Chandigarh: As campaigning officially ended Saturday evening for Monday’s (Jan 30) election to Punjab’s 117 assembly seats, the ruling Shiromani Akali Dal-Bharatiya Janata Party (BJP) alliance and main opposition Congress made confident claims to victory.
With neither of the two main contenders seeing a wave in their favour, both sides are keeping their fingers crossed.
Counting of votes takes place March 6.
What is worrying for both sides is the uncertainty surrounding the newly floated People’s Party of Punjab (PPP) of former state finance minister Manpreet Singh Badal and his third front (Sanjha Morcha). Both sides are unsure of how much the PPP will cut into their respective vote shares.
With the state going to polls under re-carved assembly seats, many candidates are testing themselves in new political waters, leading to further uncertainty.
There are a total of 1.76 crore eligible voters.
The Akali Dal-BJP combine has harped mainly on the development plank, claiming that Punjab has not witnessed as much development as has been seen in the last five years (2007-2012) of their rule.
“We have gone to the people with the sole agenda of development. Punjab has seen a sea change on the ground level with scores of flyovers, bridges, roads and other development projects. The opposition (Congress) has nothing to show. We are going to win between 80-85 seats. The mood among people is upbeat for us,” Akali Dal president and Deputy Chief Minister Sukhbir Singh Badal said.
Led by Sukhbir, the Akali Dal wants to reverse the trend in Punjab where no party in over four decades has been returned to power after completing its term.
“There is no anti-incumbency. In fact, there is pro-incumbency. We will come back to power with more seats,” Sukhbir Badal asserted.
For the Akali Dal, this election is a testing ground for its relatively young president Sukhbir Badal, 49, the son of Punjab chief minister and party patron-in-chief Parkash Singh Badal, 84.

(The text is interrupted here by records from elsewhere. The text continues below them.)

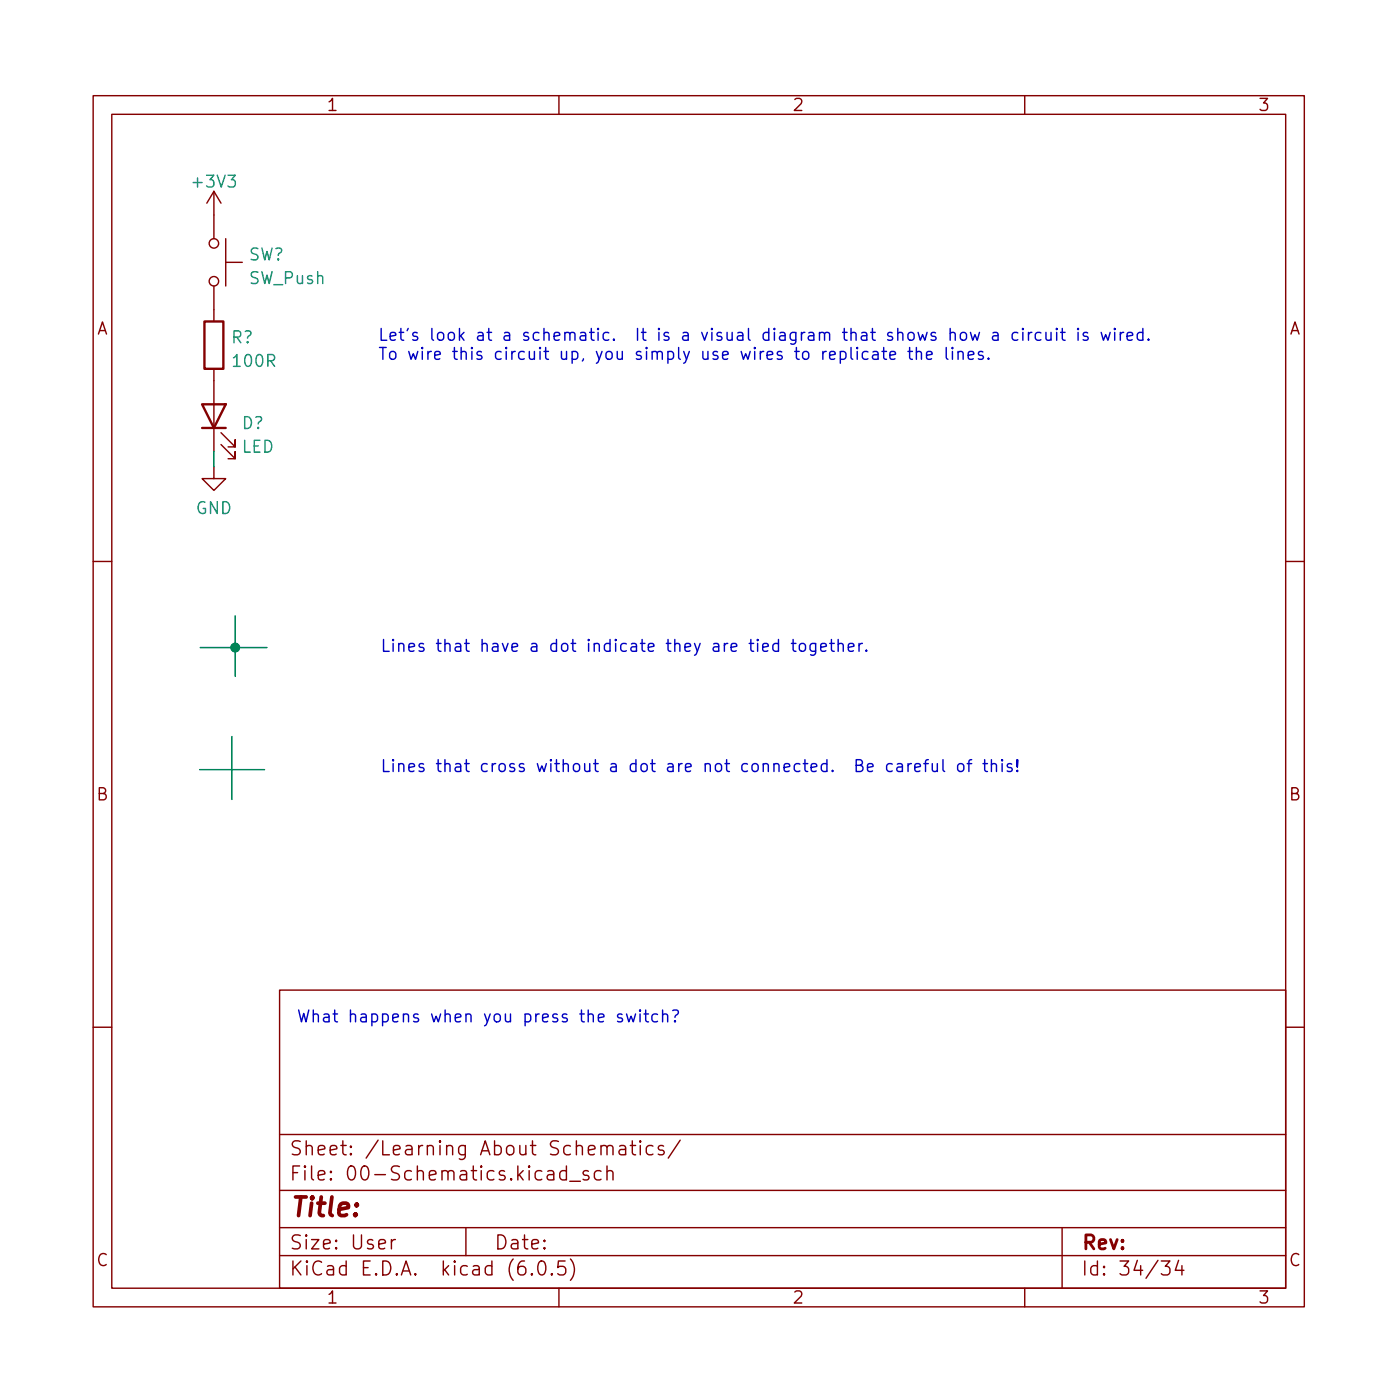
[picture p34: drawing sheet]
<svg xmlns="http://www.w3.org/2000/svg" width="150mm" height="150mm" viewBox="0 0 150 150" stroke-linecap="round" stroke-linejoin="round" font-family="sans-serif">
<defs><g id="words">
<text font-size="2.8" fill="#840000" x="31" y="130.6">Title:</text>
<g font-size="2.1" fill="#840000">
<text x="31" y="124">Sheet: /Learning About Schematics/</text>
<text x="31" y="126.7">File: 00-Schematics.kicad_sch</text>
<text x="31" y="136.9">KiCad E.D.A. kicad (6.0.5)</text>
<text x="31" y="134.1">Size: User</text>
<text x="53" y="134.1">Date:</text>
<text x="116" y="134.1">Rev:</text>
<text x="116" y="136.9">Id: 34/34</text>
</g>
<g font-size="1.8" fill="#840000">
<text x="35" y="11.9">1</text>
<text x="85" y="11.9">2</text>
<text x="135" y="11.9">3</text>
<text x="10.3" y="35.9">A</text>
<text x="138.4" y="35.9">A</text>
<text x="10.3" y="85.9">B</text>
<text x="138.4" y="85.9">B</text>
<text x="10.3" y="135.9">C</text>
<text x="138.4" y="135.9">C</text>
<text x="35" y="139.9">1</text>
<text x="85" y="139.9">2</text>
<text x="135" y="139.9">3</text>
</g>
<g font-size="1.8" fill="#008484">
<text x="20.9" y="20.1">+3V3</text>
<text x="26.6" y="28">SW?</text>
<text x="26.8" y="30.5">SW_Push</text>
<text x="24.8" y="36.9">R?</text>
<text x="25.2" y="39.4">100R</text>
<text x="26" y="46.1">D?</text>
<text x="25.9" y="48.6">LED</text>
<text x="21" y="55.2">GND</text>
</g>
<g font-size="1.8" fill="#0000c2">
<text x="40.5" y="36.6">Let's look at a schematic. It is a visual diagram that shows how a circuit is wired.</text>
<text x="40.5" y="38.6">To wire this circuit up, you simply use wires to replicate the lines.</text>
<text x="40.8" y="70">Lines that have a dot indicate they are tied together.</text>
<text x="40.8" y="82.9">Lines that cross without a dot are not connected. Be careful of this!</text>
<text x="31.8" y="109.8">What happens when you press the switch?</text>
</g>
</g></defs>
<g fill="none" stroke="#840000" stroke-width=".15">
<path d="M10 10.3h130v130h-130zM12 12.3h126v126h-126zM60 10.3v2M110 10.3v2M23 20.5v5.1M23 30.7v3.8M23 39.6v8.9M23 20.5l-.8 1.3M23 20.5l.7 1.3M24.2 28.2h1.8M24.2 25.6v5.1M23 50.1v1.3h1.2l-1.2 1.2-1.3-1.2h1.3"/>
<path d="M23.7 47.7l1.5 1.5v-.7v.7h-.7M23.7 46.4l1.5 1.6v-.8v.8h-.7M10 60.3h2M138 60.3h2M10 110.3h2M30 106.3h108v32h-108zM138 110.3h2M30 134.8h108M30 131.8h108M30 127.8h108M30 121.8h108M42 133.1v1"/>
<path d="M42.4 133.1a.38 .38 0 0 0-.4 .2M50 131.8v3M57.1 136.7l.1 .1-.1 .1-.1-.1 .1-.1v.2M57.9 135.4a.36 .36 0 0 1 .6 .2 .88 .88 0 0 1-.3 1.3 .38 .38 0 0 1-.4-.3 1.17 1.17 0 0 1 .1-1.2zM59.2 136.7l.1 .1-.1 .1v-.1v-.1v.2M60 138.3v2M60.7 135.4h-.8v.7l.2-.2 .5 .1 .1 .2v.5l-.3 .2h-.3l-.2-.2M60.8 125.7h-.4l-.3 .2v.5l.1 .2 .2 .1 .4-.1M60.8 125.2v1.5M61.2 126.8h1.1M61.2 135.1a1.72 1.72 0 0 1 0 2.3M63.2 125.7h-.4l-.2 .2 .1 .2 .5 .1v.2v.2l-.2 .1-.4-.1"/>
<path d="M64.5 125.7h-.4l-.3 .2v.5l.1 .2 .2 .1 .4-.1M64.5 123.1a.37 .37 0 0 1 .7 .1v.8M65.2 125.8a.37 .37 0 0 1 .6 .1v.8M65.2 123.2l.2-.2h.3l.1 .2v.8M65.2 125.2v1.5M66.5 123h.2h.4l.1 .2v.8M67.2 123.3l-.5 .1a.29 .29 0 0 0-.3 .3 .29 .29 0 0 0 .3 .3l.5-.1M67.7 123h.5M67.9 122.5v1.2v.2l.3 .1M68.7 122.5v.1l.1-.1h-.1v.1M68.7 123v1M70.1 123h-.4l-.3 .2v.5l.1 .2 .2 .1 .4-.1"/>
<path d="M71.2 123h-.3l-.2 .2v.2l.5 .1 .1 .2-.1 .2-.1 .1-.4-.1M73 122.4l-1.3 1.9M110 138.3v2M114 131.8v6.5M124.7 135.4h.9l-.5 .5a.41 .41 0 0 1 .5 .3v.4l-.2 .2-.5 .1-.2-.2M126.5 135.3l-.3 1.1h.9M126.9 135.9v1"/>
<circle cx="23" cy="30.2" r=".51"/>
<circle cx="23" cy="26.1" r=".51"/>
</g>
<path d="M21.9 34.5h2.1v5.1h-2.1zM21.7 43.4h2.5l-1.2 2.5zM21.7 45.9h2.5" fill="none" stroke="#840000" stroke-width=".25"/>
<g fill="none" stroke="#0000c2" stroke-width=".15">
<path d="M92 37.7v.9M93.2 37.8l-.4-.1-.2 .3v.3l.1 .2 .1 .1 .4-.1M93.7 37.8l.1-.1 .4 .1 .1 .8M94.3 38l-.5 .1a.25 .25 0 0 0-.2 .2 .25 .25 0 0 0 .2 .3l.5-.1M94.7 37.7h.5M94.9 37.3v1.1v.1l.3 .1M95.5 38.1l.6-.1v-.2l-.4-.1-.2 .2 .1 .6 .1 .1 .4-.1M97.5 37.7h.4M97.6 37.3v1.1l.1 .1 .2 .1M98.4 37.8a.32 .32 0 0 1 .5 .1v.7M98.4 37.3v1.3M99.5 38.1l.6-.1-.1-.2-.4-.1-.1 .2v.6l.1 .1 .4-.1"/>
<path d="M101.6 37.3v1.1l.2 .2M102.2 37.7v.9M102.8 37.8a.32 .32 0 0 1 .6 .1v.7M102.8 37.7v.9M103.9 38.1l.6-.1v-.2l-.4-.1-.2 .2 .1 .6 .1 .1 .4-.1M104.2 35.7l.2 .8 .3-.6 .2 .6 .2-.8M105.5 37.8l-.3-.1-.2 .2 .1 .2 .4 .1 .1 .1-.1 .2-.1 .1-.4-.1M106.1 38.4l.1 .1-.1 .1-.1-.1 .1-.1v.2M106.6 35.7h.1h.4v.8M107.1 36h-.4a.25 .25 0 0 0-.2 .3 .25 .25 0 0 0 .2 .2h.4M109.3 35.7h-.4l-.2 .2v.4l.1 .2h.1h.4M109.8 35.3h-.1l.1 .1 .1-.1h-.1v.1"/>
<path d="M109.8 35.7v.8M110.4 35.7v.8M110.8 35.7h-.3l-.1 .2M111.7 35.7h-.3l-.3 .2v.4l.2 .2h.1h.3M112.3 35.7v.8a.34 .34 0 0 0 .5-.1M112.8 35.7v.8M113.4 35.3v.1l.1-.1h-.1v.1M113.4 35.7v.8M113.9 35.7h.4M114 35.3v1l.1 .2h.2M115.7 35.3v.1l.1-.1h-.1v.1M115.7 35.7v.8"/>
<path d="M116.8 35.7h-.3l-.2 .2v.1l.5 .2v.1v.2h-.2h-.3M118.2 35.7l.2 .8 .3-.6 .2 .6 .3-.8M119.7 35.3h-.1l.1 .1v-.1v.1M119.7 35.7v.8M120.3 35.7v.8M120.6 35.7h-.2l-.1 .2M121 36.1l.6-.1-.1-.3h-.3l-.2 .2v.6h.2h.3M122.7 35.7h-.4l-.2 .2v.4l.1 .2h.1h.4M122.7 35.3v1.2M123.3 36.4v.1h-.1l.1-.1v.1M81.9 69.5l.6-.1-.1-.3h-.3l-.2 .1v.7h.2h.3M83.6 69.1h-.4l-.2 .2v.4l.1 .2h.1h.4"/>
<path d="M83.6 68.6v1.3M85 69.1h.4M85.1 68.6v1.1l.1 .2h.2M85.9 69.1a.34 .34 0 0 1 .6 .2v.4a.34 .34 0 0 1-.4 .2 .34 .34 0 0 1-.3-.2v-.4zM87.6 69.1v1a.34 .34 0 0 1-.6 .2M87.6 69.1h-.4l-.2 .2v.4l.1 .2h.1h.4M88.1 69.5l.6-.1-.1-.3h-.3l-.2 .1 .1 .7h.1h.3M89.1 69.1h.5M89.2 68.6v1.1l.1 .2h.3M90 69.2a.32 .32 0 0 1 .5 0v.7M90 68.6v1.3M91.1 69.5l.6-.1-.1-.3h-.4l-.1 .1v.7h.1h.4"/>
<path d="M92.2 69.1v.8M92.6 69.1h-.3l-.1 .2M93 69.8l.1 .1h-.1h-.1l.1-.1v.1M95.8 82h-.4l-.2 .2v.4l.1 .2h.1h.4M96.3 82h.1h.4l.1 .8M96.9 82.3h-.5a.25 .25 0 0 0-.1 .3 .25 .25 0 0 0 .1 .2h.5M97.5 82v.8M97.8 82h-.2l-.1 .2M98.2 82.4l.6-.1-.1-.3h-.3l-.2 .2 .1 .6h.1h.3M99.2 82h.5M99.7 81.5l-.3 .1-.1 .1v1.1M100.1 82v.8a.34 .34 0 0 0 .5-.1"/>
<path d="M100.6 82v.8M101.2 81.5v1.1l.2 .2M102.9 82a.34 .34 0 0 1 .6 .2v.4a.34 .34 0 0 1-.4 .2 .34 .34 0 0 1-.3-.2v-.4zM103.8 82h.5M104.3 81.5l-.2 .1-.1 .1v1.1M105.5 82h.5M105.7 81.5v1.1l.1 .2h.2M106.4 82.1a.32 .32 0 0 1 .6 .1v.6M106.4 81.5v1.3M107.6 81.5l-.1 .1 .1 .1v-.1v-.1v.2M107.6 82v.8M108.6 82h-.3l-.2 .2 .1 .1 .4 .2 .1 .1-.1 .2h-.1h-.4"/>
<path d="M109.2 82.7l.1 .1h-.1h-.1l.1-.1v.1M109.2 81.5v.8l.1-.7-.1-.1-.1 .1 .1 .7M66.8 108.9l-.3-.1-.2 .2v.2l.5 .1v.1v.2l-.1 .1-.4-.1M67.3 108.8l.2 .9 .2-.6 .3 .6 .2-.9M68.7 108.4l-.1 .1h.1h.1l-.1-.1v.1M68.7 108.8v.9M69.1 108.8h.5M69.3 108.4v1.1l.1 .1 .2 .1M70.6 108.9l-.4-.1-.2 .3v.3l.1 .2 .1 .1 .4-.1M71.1 109a.32 .32 0 0 1 .6 0v.7M71.1 108.4v1.3M72.2 108.5l.4-.1a.32 .32 0 0 1 .2 .4 .32 .32 0 0 1-.3 .2v.2"/>
<path d="M72.5 109.6v.1l-.1-.1h.1v.1"/>
</g>
<path d="M23 48.5v1.6M21.5 69.5h7.2M24.9 79.1v6.7M25.2 66.1v6.5M21.4 82.6h7" fill="none" stroke="#008400" stroke-width=".15"/>
<circle cx="25.2" cy="69.5" r=".46" fill="#008400" stroke="#008400" stroke-width=".15"/>
<use href="#words"/>
</svg>

The senior Badal has largely been confined to his Lambi assembly constituency in Muktsar district in, perhaps, his toughest political test as he faces his younger brother, Gurdas Badal, 81, of the PPP and cousin Maheshinder Singh Badal of the Congress in a bitter triangular contest.
In the 2007 assembly polls, the Akali Dal had 49 legislators with alliance partner BJP winning another 19 seats (total tally 68). The Congress had 44 legislators while five seats were won by Independents.
The Congress too says it is smelling victory.
“We are going to form the next government. The Akalis are going to be wiped out. We will win 75-80 seats easily. All their claims of development are a sham. Most of the things have come from central government funds,” a confident Punjab Congress president and former chief minister Amarinder Singh said.
“We had hundreds of leaders wanting the Congress ticket this time. Everyone wanted to be on the winning side. That shows that we are coming back to power,” he added.
Top leaders of both the Akali Dal and the Congress are engaged in a bitter war of words, both in the media and their speeches.
Meanwhile, the PPP is asking the voters to opt for change.
“There was no third alternative for the voters earlier. We want to provide a clean set-up and we can see that voters too want a change. We will form the next government in Punjab,” party founder Manpreet Badal claimed.
Though no one is expecting the PPP to come anywhere near forming a government, its role, at best, will be that of a spoiler in many constituencies and probably that of a kingmaker if the Akali Dal and the Congress do not get a clear majority.
The PPP has formed the Sanjha Morcha with the Communist Party of India (CPI), Communist Party of India-Marxist (CPI-M) and Akali Dal (Longowal).
“A zero plus zero will remain a zero. They (PPP) have no standing at all,” Sukhbir Badal dismissed the challenge to his party from his estranged cousin, who was once touted to be the political heir apparent to Parkash Singh Badal in the state.
Though the campaigning has been without much colour of party flags, posters and banners, the flow of money, liquor and drugs has been ample despite a strict watch by the Election Commission (EC).
The EC teams and other agencies have recovered over Rs.33 crore of unaccounted money in cash, over 512,400 country wine bottles, over 16,500 litres of illicit liquor, nearly 30 kg of heroin, 2,700 kg of poppy husk and over 161,000 kg of other drugs.
Over 209,686 licenced weapons have been deposited with the authorities.